## Dataset section:

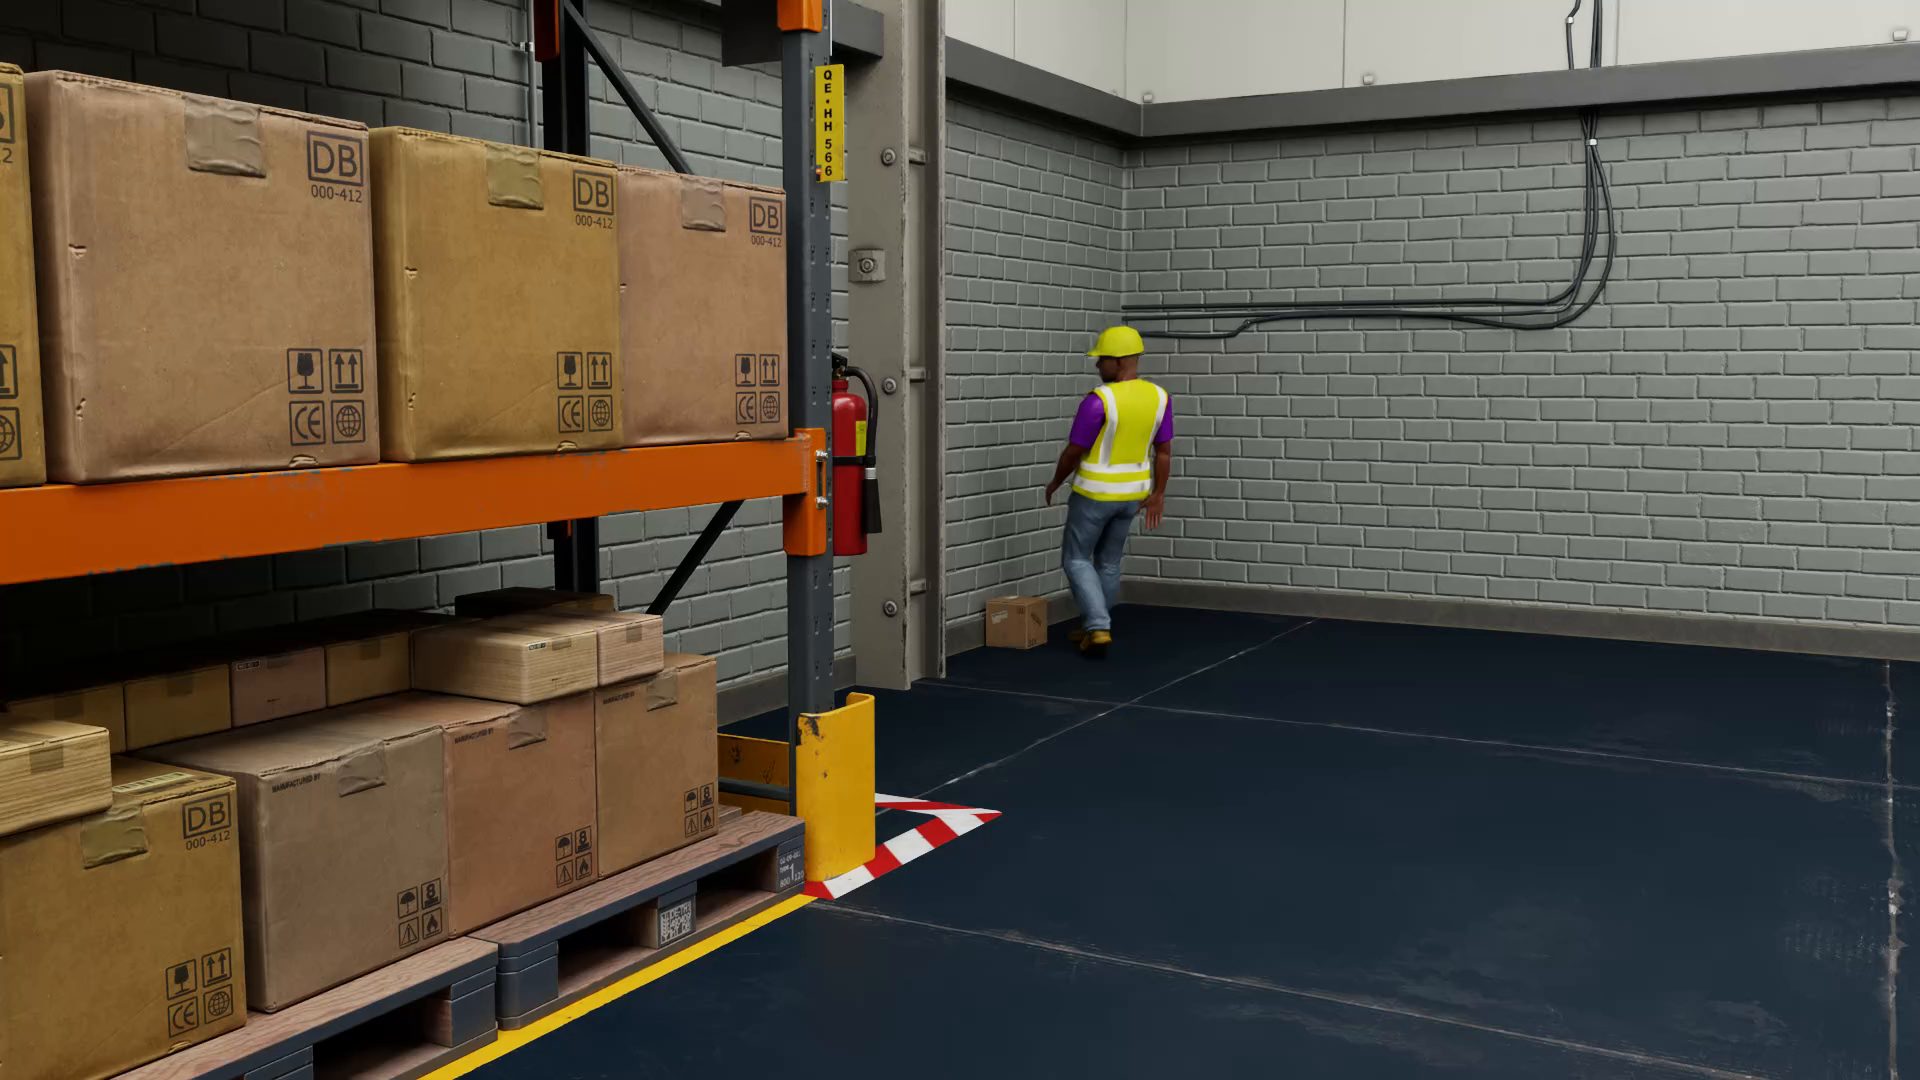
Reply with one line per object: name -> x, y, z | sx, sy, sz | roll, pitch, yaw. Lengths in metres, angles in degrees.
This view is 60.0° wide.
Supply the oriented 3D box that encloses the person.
person -> 0.703, -0.257, 8.775 | 0.598, 1.719, 0.785 | -3, 7, -31

## What is required:
Repeat the data word for word. Skip the pictures.

## Completed task:
Reply with one line per object: name -> x, y, z | sx, sy, sz | roll, pitch, yaw. Lengths in metres, angles in degrees.
This view is 60.0° wide.
Supply the oriented 3D box that encloses the person.
person -> 0.703, -0.257, 8.775 | 0.598, 1.719, 0.785 | -3, 7, -31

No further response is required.